Choctaw Indians began relocating to the Indian Territory and the Muddy Boggy basin during the 1830s, reestablishing what is today called the Choctaw Nation of Oklahoma and its government. Choctaws divided their nation into three administrative and judicial provinces, or districts, with each province being subdivided into counties. The Pushmataha District used the creek or its tributaries to form boundaries between Atoka County, Jack's Fork County, Jackson County and Kiamitia County. The District's administrative and judicial capital, Mayhew, was said to be positioned "between the forks of the Boggies".

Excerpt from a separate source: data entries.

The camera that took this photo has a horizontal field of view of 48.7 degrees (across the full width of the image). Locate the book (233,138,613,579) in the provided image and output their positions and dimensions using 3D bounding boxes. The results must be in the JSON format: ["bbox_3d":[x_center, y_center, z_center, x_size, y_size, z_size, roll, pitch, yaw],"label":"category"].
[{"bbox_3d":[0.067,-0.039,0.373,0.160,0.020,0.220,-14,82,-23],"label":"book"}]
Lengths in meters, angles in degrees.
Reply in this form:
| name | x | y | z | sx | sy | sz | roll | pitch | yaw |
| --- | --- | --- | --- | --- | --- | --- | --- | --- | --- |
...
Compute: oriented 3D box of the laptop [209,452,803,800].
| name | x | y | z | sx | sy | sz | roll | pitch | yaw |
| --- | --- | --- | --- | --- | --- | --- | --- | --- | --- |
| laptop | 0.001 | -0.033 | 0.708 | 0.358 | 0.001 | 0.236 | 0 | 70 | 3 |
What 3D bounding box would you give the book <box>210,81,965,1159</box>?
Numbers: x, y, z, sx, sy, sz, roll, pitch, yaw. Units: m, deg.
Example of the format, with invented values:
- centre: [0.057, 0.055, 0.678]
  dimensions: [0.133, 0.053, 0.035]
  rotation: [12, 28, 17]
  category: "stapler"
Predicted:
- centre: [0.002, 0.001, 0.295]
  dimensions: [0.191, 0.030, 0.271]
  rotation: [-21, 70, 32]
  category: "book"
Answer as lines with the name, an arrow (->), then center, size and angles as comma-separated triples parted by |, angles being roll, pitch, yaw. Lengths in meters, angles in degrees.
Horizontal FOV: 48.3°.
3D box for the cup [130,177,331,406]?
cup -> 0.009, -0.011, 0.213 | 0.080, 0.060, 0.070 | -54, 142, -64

=== Ferries and Bridges ===
Muddy Boggy was historically an impediment to travel in the region, due to its forks and also its main characteristic: muddy banks enclosing a fairly deep channel, making it difficult to ford. Three ferry boats plied the river during much of the territorial and early statehood days. Ferry operations were licensed by the Choctaw Government via Acts of the General Council, which determined pricing for each crossing and established each ferry operation as an individual franchise. An important ferry operated north of what is now Boswell, Oklahoma, along the road from Nelson, then an important farming center, to the capital of the Pushmataha District, or province, at Mayhew.

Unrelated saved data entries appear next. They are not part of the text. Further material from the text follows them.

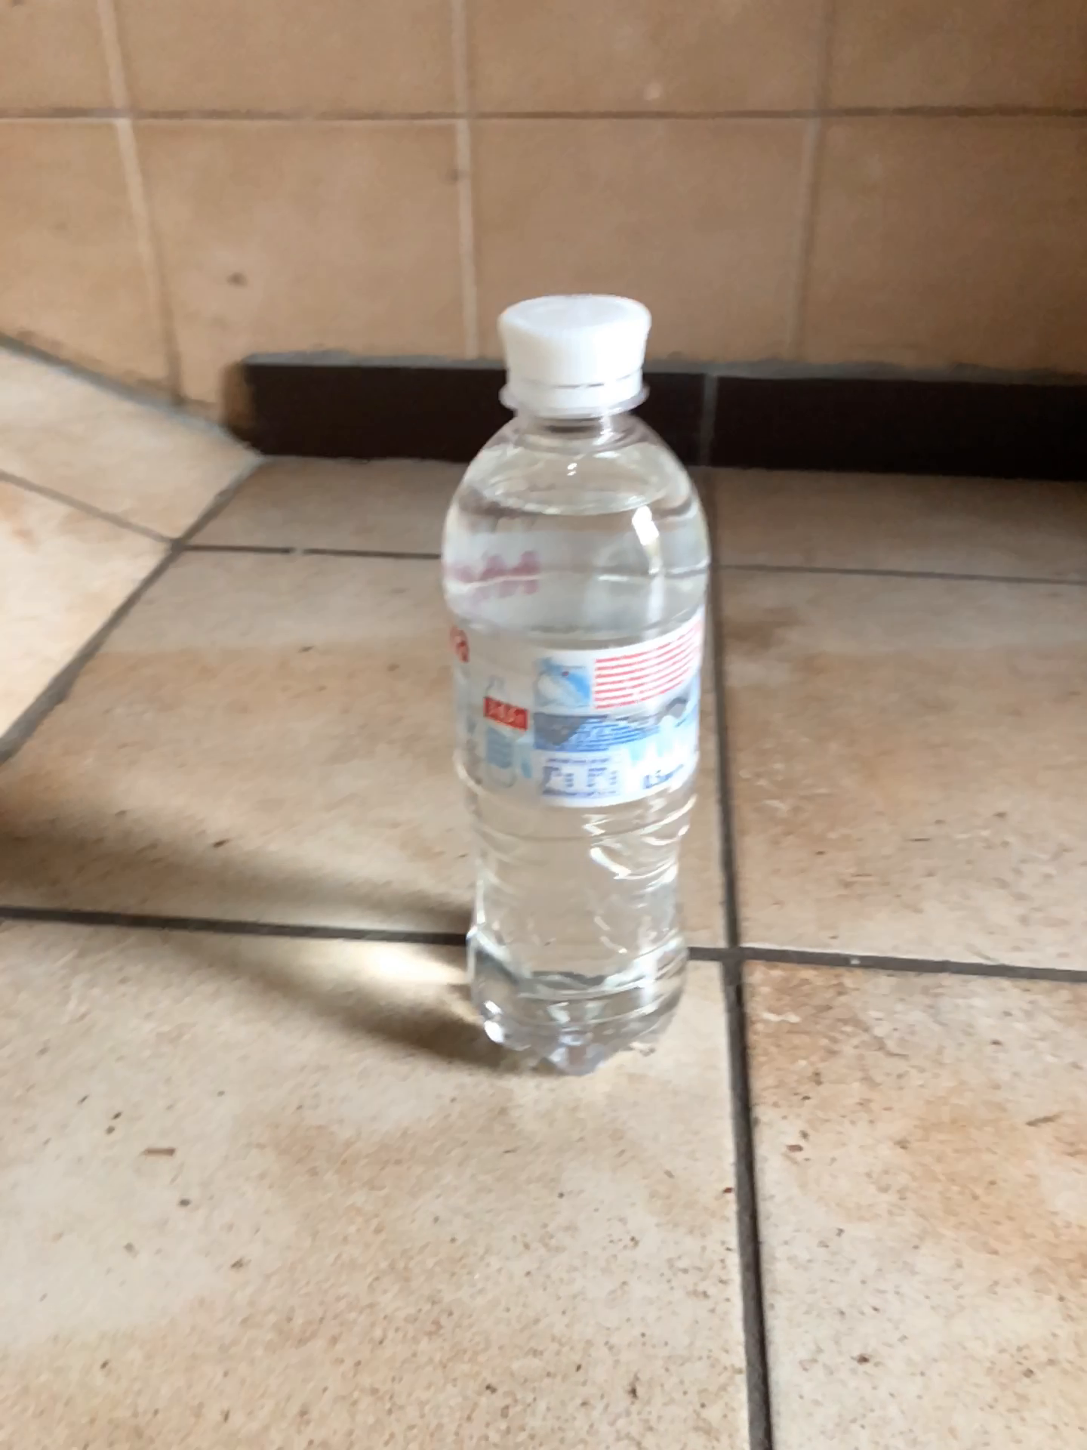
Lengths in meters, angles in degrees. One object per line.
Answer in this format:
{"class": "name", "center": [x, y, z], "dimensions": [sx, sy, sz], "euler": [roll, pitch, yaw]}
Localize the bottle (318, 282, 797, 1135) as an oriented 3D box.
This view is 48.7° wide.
{"class": "bottle", "center": [0.007, -0.002, 0.318], "dimensions": [0.080, 0.199, 0.080], "euler": [0, 32, 0]}

A second ferry operated along the same road, where it crossed Muddy Boggy just below the mouth of McGee Creek.

A third ferry operated one mile north of Atoka, Indian Territory (now Atoka, Oklahoma), near Harkins Spring. This may have been the busiest ferry of the three as it was closest to a town, and was along the Bullerfield Overland Mail, an important stagecoach line between Fort Smith, Arkansas and Boggy Depot, Indian Territory. At some point during the late territorial period the ferry boat was replaced by a toll bridge.

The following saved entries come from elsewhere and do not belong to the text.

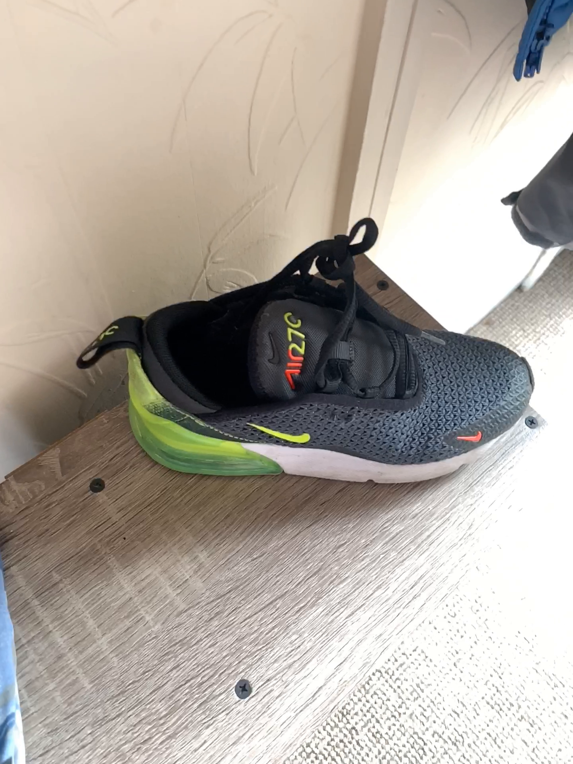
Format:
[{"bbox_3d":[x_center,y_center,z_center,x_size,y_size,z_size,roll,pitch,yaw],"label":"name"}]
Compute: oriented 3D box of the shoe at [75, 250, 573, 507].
[{"bbox_3d":[0.025,0.002,0.333,0.247,0.109,0.091,-3,62,-5],"label":"shoe"}]
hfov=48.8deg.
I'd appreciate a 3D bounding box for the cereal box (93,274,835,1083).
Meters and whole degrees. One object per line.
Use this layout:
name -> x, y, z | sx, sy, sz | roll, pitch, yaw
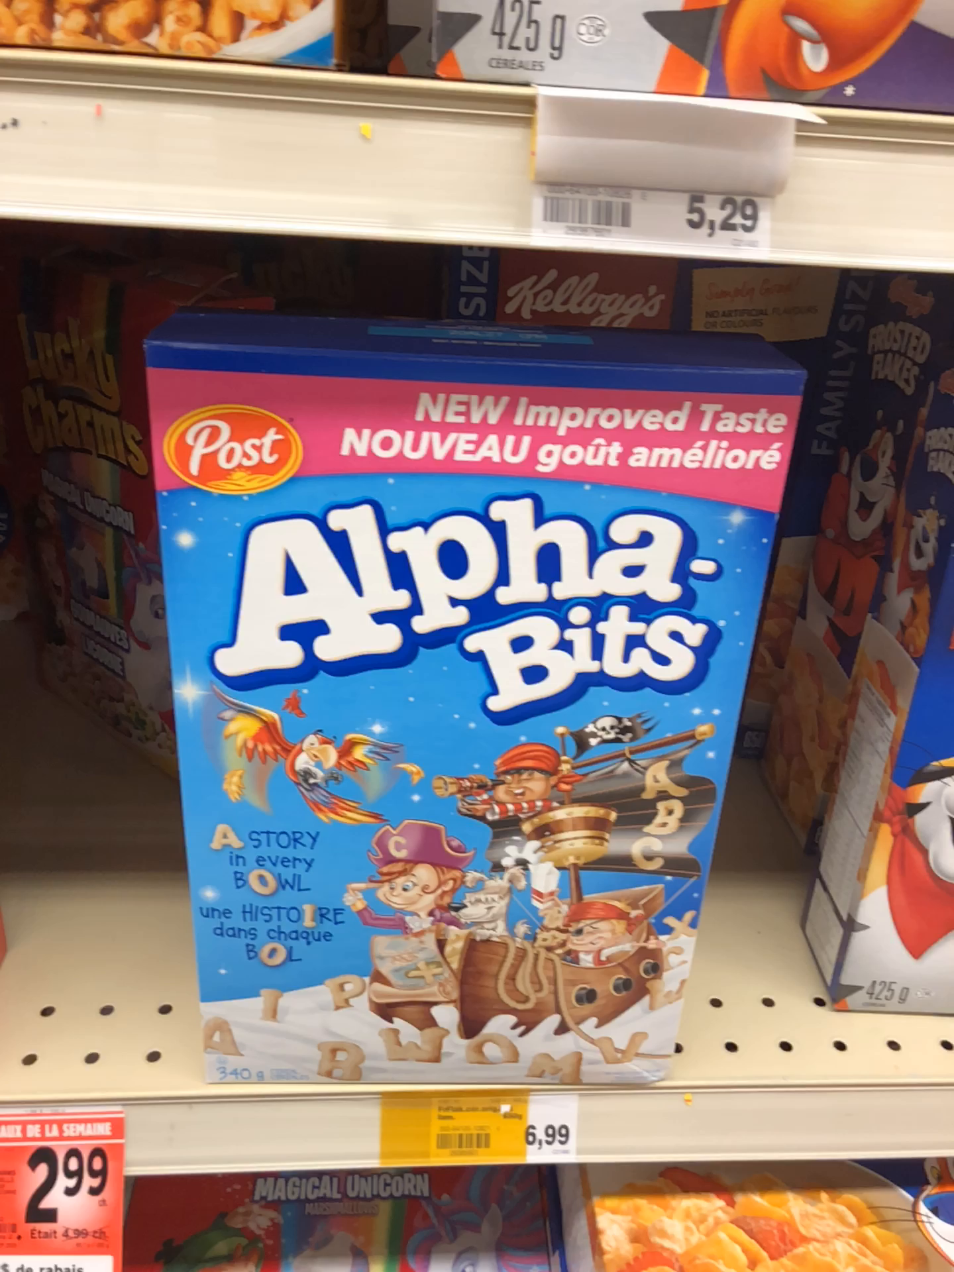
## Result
cereal box -> -0.012, 0.036, 0.381 | 0.200, 0.298, 0.060 | 2, 29, -4

Bridges across the Muddy Boggy and its forks remained a novelty until a concerted period of highway planning and construction began to accompany the expanding private ownership of automobiles following World War One. The first bridge to cross Muddy Boggy east of Atoka, between Lane and Farris, was built in 1919. The first bridge over the creek along the highway between Durant and Hugo was built near Boswell in 1930.

=== Impounding the Waters ===
Following World War II, a series of dams was authorized by Congress along the main stem of the Red River of the South and its major tributaries, including the Muddy Boggy. These were primarily for flood control, but also for recreation and tourism. The dam on Muddy Boggy would have been three miles west of Soper, immediately north of the state highway, and created a lake called the Boswell Reservoir. Although the dam continues to be authorized, no funds have ever been appropriated for it due to a perceived lack of enthusiasm by local residents. Other dams authorized by Congress as part of the flood control project were built at Denison, Texas (Lake Texoma) and Sawyer, Oklahoma (Hugo Lake), among other locations.
=== Events of Note ===
During the American Civil War in the Indian Territory, a military engagement between Union and Confederate forces took place in the Choctaw Nation north of Boggy Depot, Indian Territory. The Battle of Middle Boggy, in February 1864, was fought over control of an important crossing of Muddy Boggy (or Middle Boggy) Creek and resulted in a Union victory. After the battle the Confederate army ceased to be an organized military force in the Indian Territory, leading in part to the Battle of Fort Smith in August 1864 and the fort's surrender to Union forces.